2024 HANGOVER: ELECTION GAMESMANSHIP & THE WEALTH EFFECT

  • Labor (False Employment Rates) & Inflation (Substitution, Hedonics, Imputation et al) have camouflaged the fact that the US Economy in real terms is in Stagnation heading quickly towards Stagflation. 
  • A weakening economy, slowing rates of earnings increase, falsing PE's foretell of a weakening Wealth Effect.
  • A weakening Wealth Effect will have a major impact on Credit Growth with potentially major consequences.

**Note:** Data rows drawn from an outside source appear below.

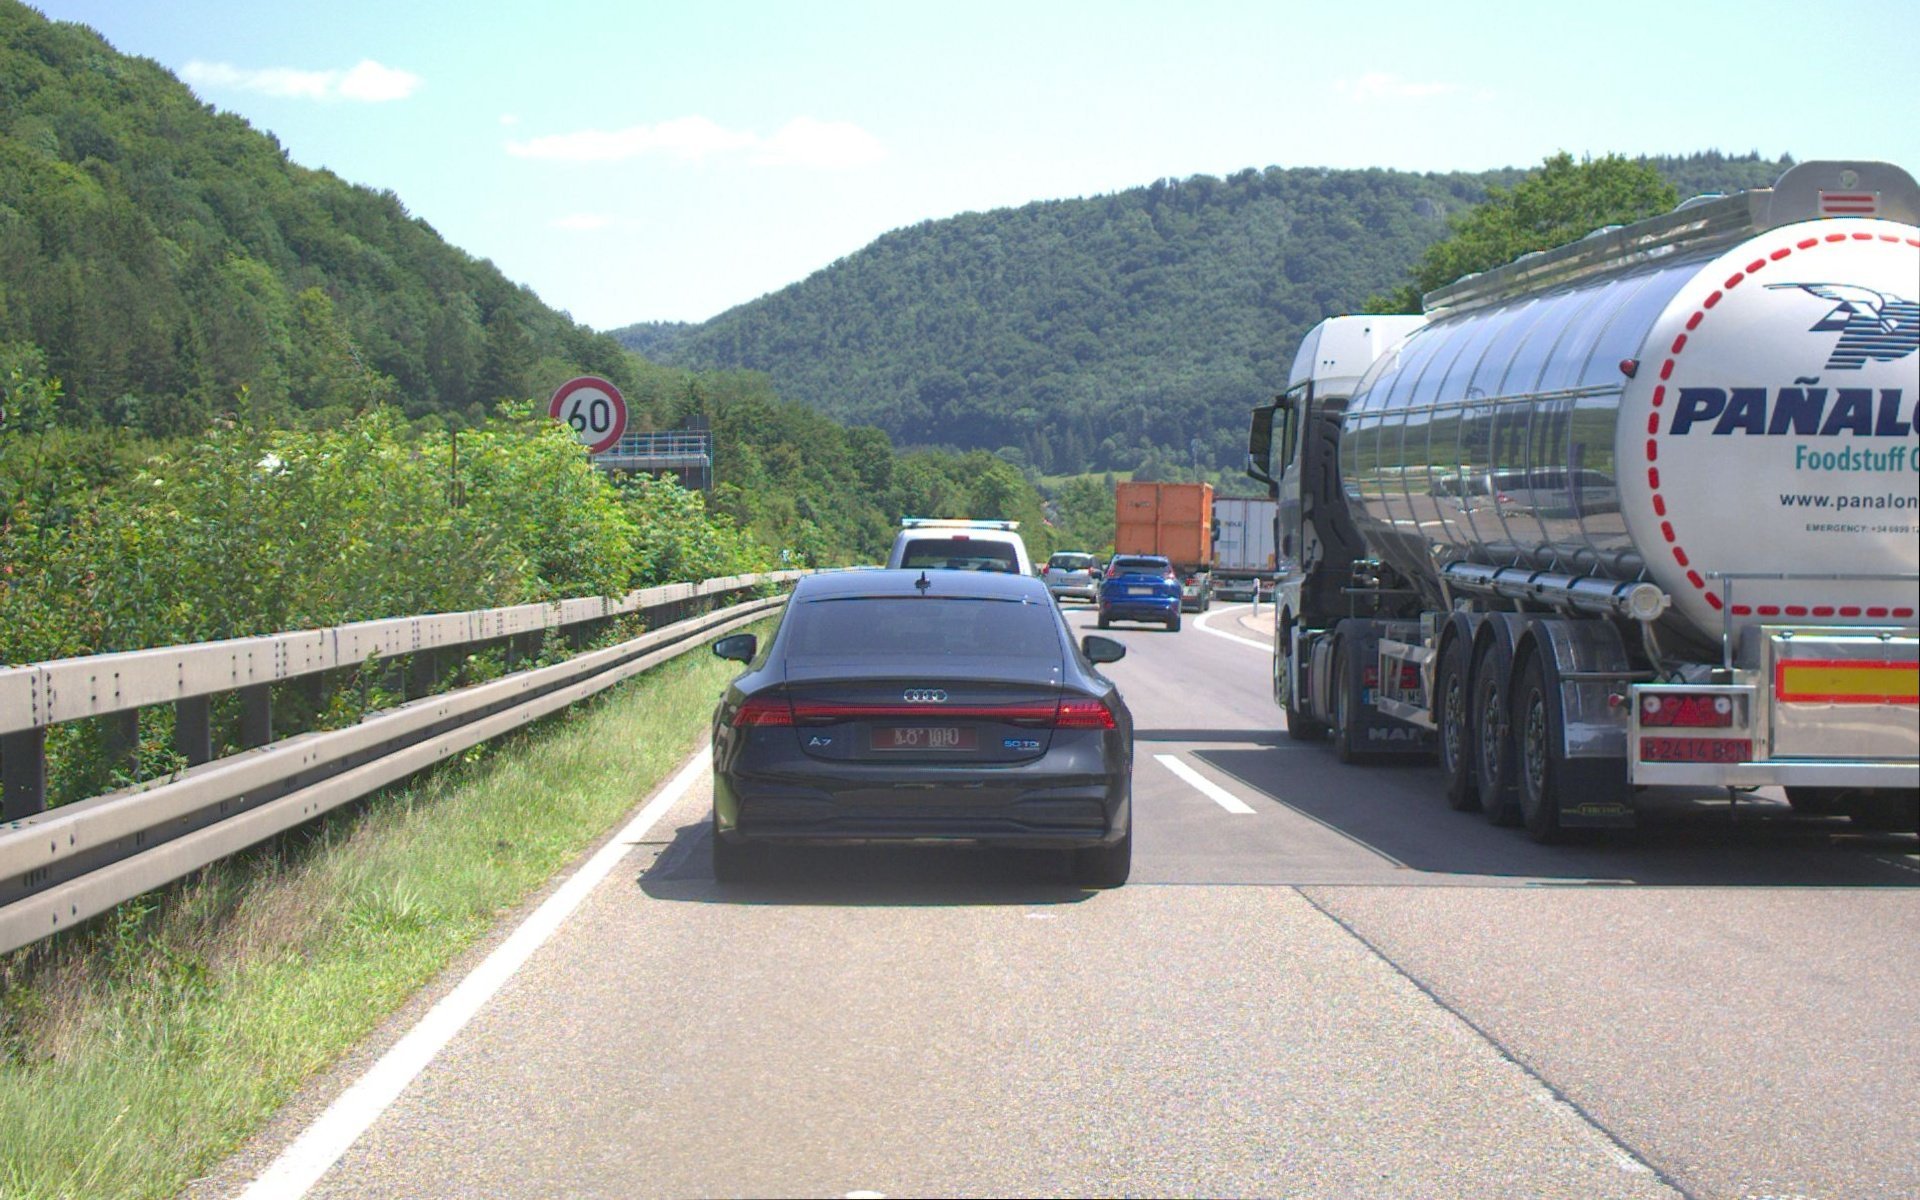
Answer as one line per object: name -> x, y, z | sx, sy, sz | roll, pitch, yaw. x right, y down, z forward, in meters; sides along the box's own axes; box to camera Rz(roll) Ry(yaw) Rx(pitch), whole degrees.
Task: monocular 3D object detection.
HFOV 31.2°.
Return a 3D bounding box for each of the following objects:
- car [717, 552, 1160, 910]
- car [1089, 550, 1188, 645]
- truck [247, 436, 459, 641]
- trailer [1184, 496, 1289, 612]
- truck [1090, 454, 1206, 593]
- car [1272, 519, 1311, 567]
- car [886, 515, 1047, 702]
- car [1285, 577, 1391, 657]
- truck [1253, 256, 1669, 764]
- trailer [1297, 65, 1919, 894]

US MEGA-BANKS SEND LEGAL THREAT TO THE FED & BANKS' REGULATORS

  • Federal banking regulators had originally planned to increase JPMorgan Chase’s capital requirement by 25 percent as part of Basel III. (Endgame)
  • But instead of 25 percent, when the Fed released its new capital requirements for the megabanks on August 28, the Fed raised JPMorgan Chase’s capital requirement by just 7.89 percent from the 2023 level, taking it from a total capital requirement of 11.4 in 2023 to just 12.3 in 2024. Had the 25 percent increase been imposed, JPMorgan Chase’s capital requirement would have totaled 14.25.
  • The strategy may be to send a permanent message to the other federal banking regulators and any future Fed Chair that you might find your agency hauled into federal court by a Big Law firm if you don’t do the bidding of the Wall Street megabanks. Scalia is one of the lawyers representing multiple plaintiffs in the newly filed lawsuit.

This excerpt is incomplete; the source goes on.